(The task):
Here the job is to retype the data word for word while leaving the pictures aside.

+++ Data section +++

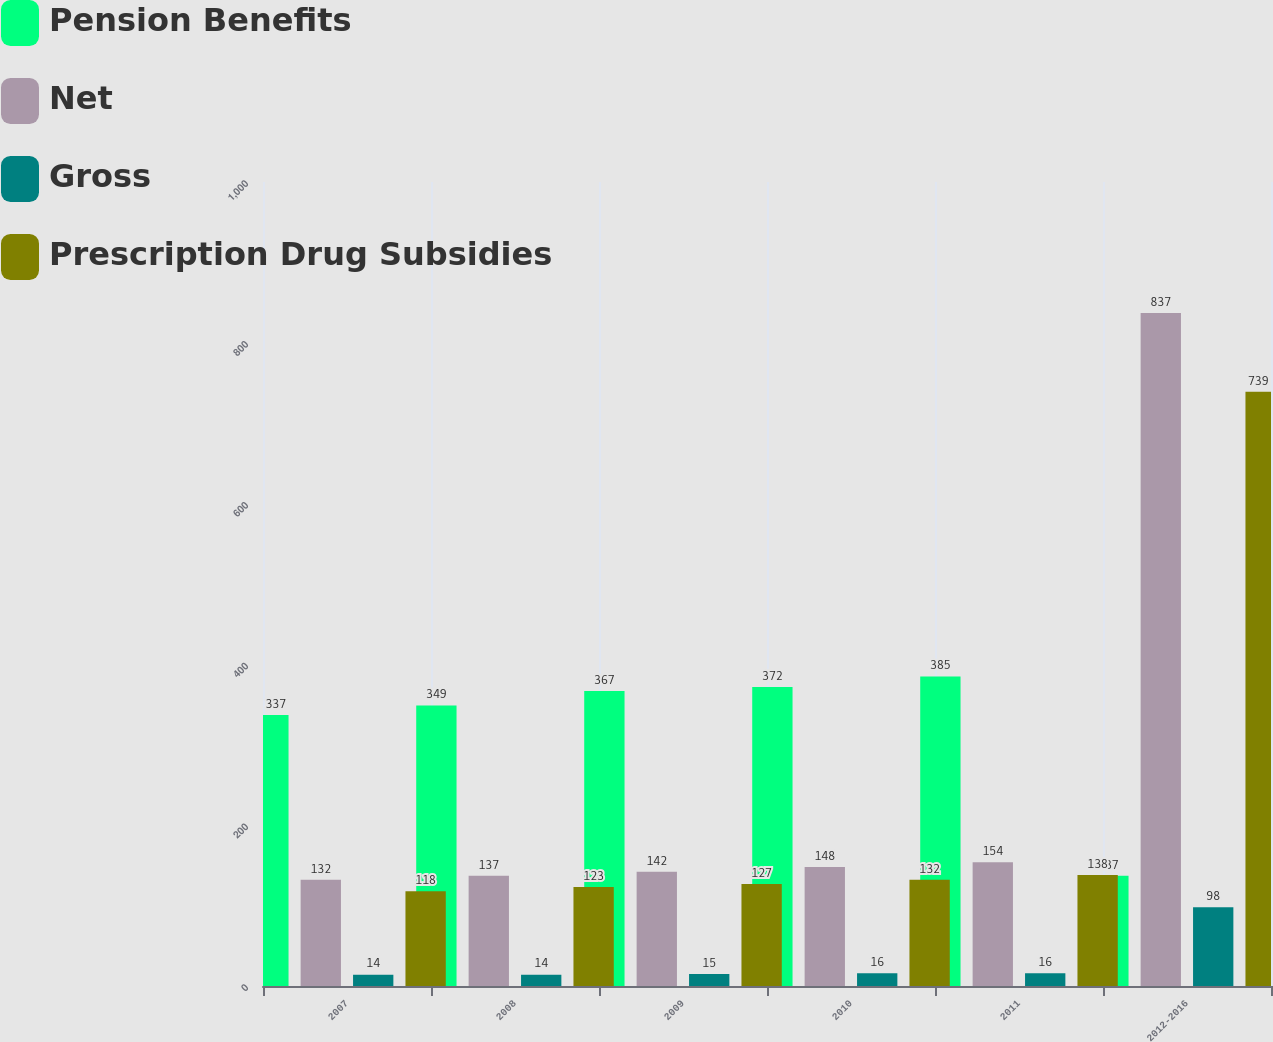<chart> <loc_0><loc_0><loc_500><loc_500><stacked_bar_chart><ecel><fcel>2007<fcel>2008<fcel>2009<fcel>2010<fcel>2011<fcel>2012-2016<nl><fcel>Pension Benefits<fcel>337<fcel>349<fcel>367<fcel>372<fcel>385<fcel>137<nl><fcel>Net<fcel>132<fcel>137<fcel>142<fcel>148<fcel>154<fcel>837<nl><fcel>Gross<fcel>14<fcel>14<fcel>15<fcel>16<fcel>16<fcel>98<nl><fcel>Prescription Drug Subsidies<fcel>118<fcel>123<fcel>127<fcel>132<fcel>138<fcel>739<nl></chart> 
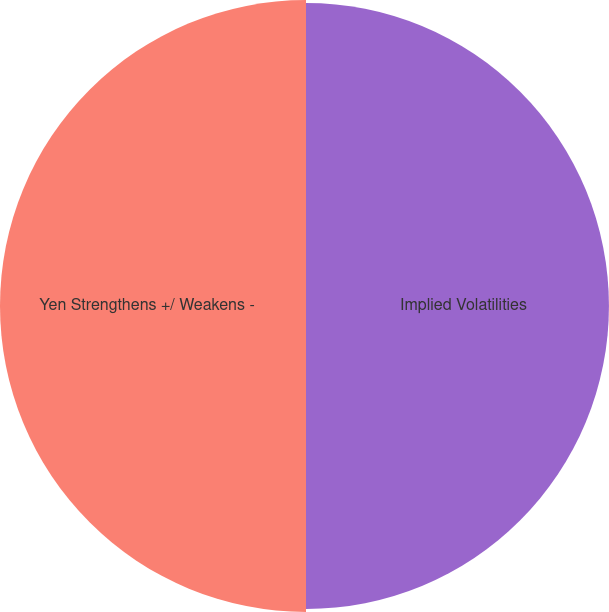Convert chart to OTSL. <chart><loc_0><loc_0><loc_500><loc_500><pie_chart><fcel>Implied Volatilities<fcel>Yen Strengthens +/ Weakens -<nl><fcel>49.75%<fcel>50.25%<nl></chart> 
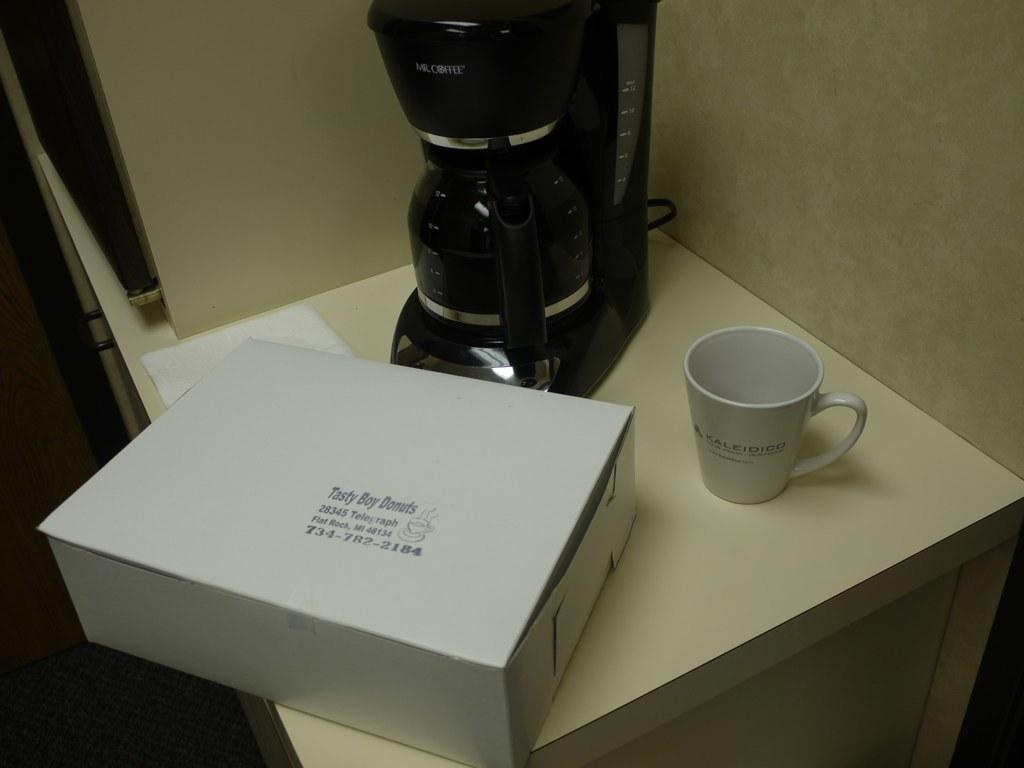<image>
Relay a brief, clear account of the picture shown. A plain white box of Tasty Boy Donuts sits on a table near a coffee maker. 
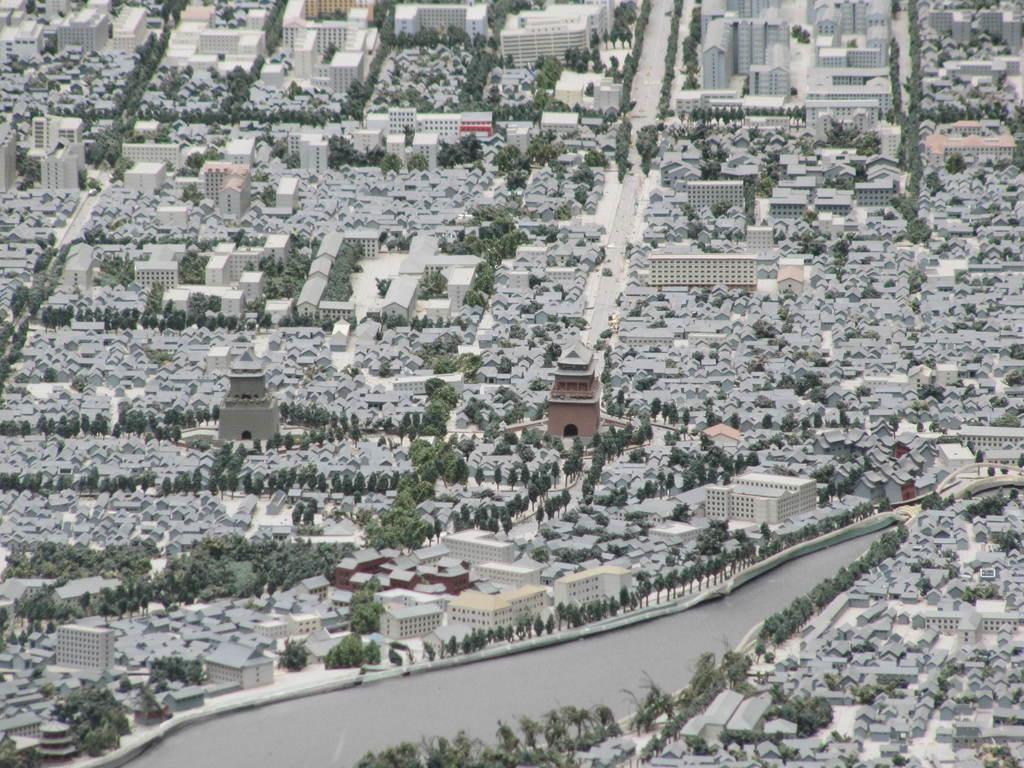Describe this image in one or two sentences. In this image I can see the water, few trees which are green in color and roofs of number of buildings which are grey in color. I can see the road. 
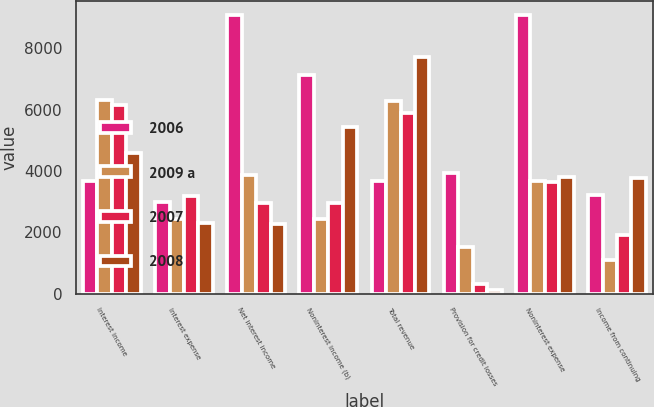Convert chart to OTSL. <chart><loc_0><loc_0><loc_500><loc_500><stacked_bar_chart><ecel><fcel>Interest income<fcel>Interest expense<fcel>Net interest income<fcel>Noninterest income (b)<fcel>Total revenue<fcel>Provision for credit losses<fcel>Noninterest expense<fcel>Income from continuing<nl><fcel>2006<fcel>3668.5<fcel>3003<fcel>9083<fcel>7145<fcel>3668.5<fcel>3930<fcel>9073<fcel>3225<nl><fcel>2009 a<fcel>6301<fcel>2447<fcel>3854<fcel>2442<fcel>6296<fcel>1517<fcel>3685<fcel>1094<nl><fcel>2007<fcel>6144<fcel>3197<fcel>2947<fcel>2944<fcel>5891<fcel>315<fcel>3652<fcel>1924<nl><fcel>2008<fcel>4592<fcel>2309<fcel>2283<fcel>5422<fcel>7705<fcel>124<fcel>3795<fcel>3786<nl></chart>

+++

(Finished exercise):
<chart> <loc_0><loc_0><loc_500><loc_500><stacked_bar_chart><ecel><fcel>2007<fcel>2008<fcel>2009<fcel>2010<fcel>2011<fcel>2012-2016<nl><fcel>Pension Benefits<fcel>337<fcel>349<fcel>367<fcel>372<fcel>385<fcel>137<nl><fcel>Net<fcel>132<fcel>137<fcel>142<fcel>148<fcel>154<fcel>837<nl><fcel>Gross<fcel>14<fcel>14<fcel>15<fcel>16<fcel>16<fcel>98<nl><fcel>Prescription Drug Subsidies<fcel>118<fcel>123<fcel>127<fcel>132<fcel>138<fcel>739<nl></chart> 
Convert chart to OTSL. <chart><loc_0><loc_0><loc_500><loc_500><pie_chart><fcel>Implied Volatilities<fcel>Yen Strengthens +/ Weakens -<nl><fcel>49.75%<fcel>50.25%<nl></chart> 
<image>
Relay a brief, clear account of the picture shown. A plain white box of Tasty Boy Donuts sits on a table near a coffee maker. 
Describe this image in one or two sentences. In this image I can see the water, few trees which are green in color and roofs of number of buildings which are grey in color. I can see the road. 
Convert chart to OTSL. <chart><loc_0><loc_0><loc_500><loc_500><stacked_bar_chart><ecel><fcel>Interest income<fcel>Interest expense<fcel>Net interest income<fcel>Noninterest income (b)<fcel>Total revenue<fcel>Provision for credit losses<fcel>Noninterest expense<fcel>Income from continuing<nl><fcel>2006<fcel>3668.5<fcel>3003<fcel>9083<fcel>7145<fcel>3668.5<fcel>3930<fcel>9073<fcel>3225<nl><fcel>2009 a<fcel>6301<fcel>2447<fcel>3854<fcel>2442<fcel>6296<fcel>1517<fcel>3685<fcel>1094<nl><fcel>2007<fcel>6144<fcel>3197<fcel>2947<fcel>2944<fcel>5891<fcel>315<fcel>3652<fcel>1924<nl><fcel>2008<fcel>4592<fcel>2309<fcel>2283<fcel>5422<fcel>7705<fcel>124<fcel>3795<fcel>3786<nl></chart>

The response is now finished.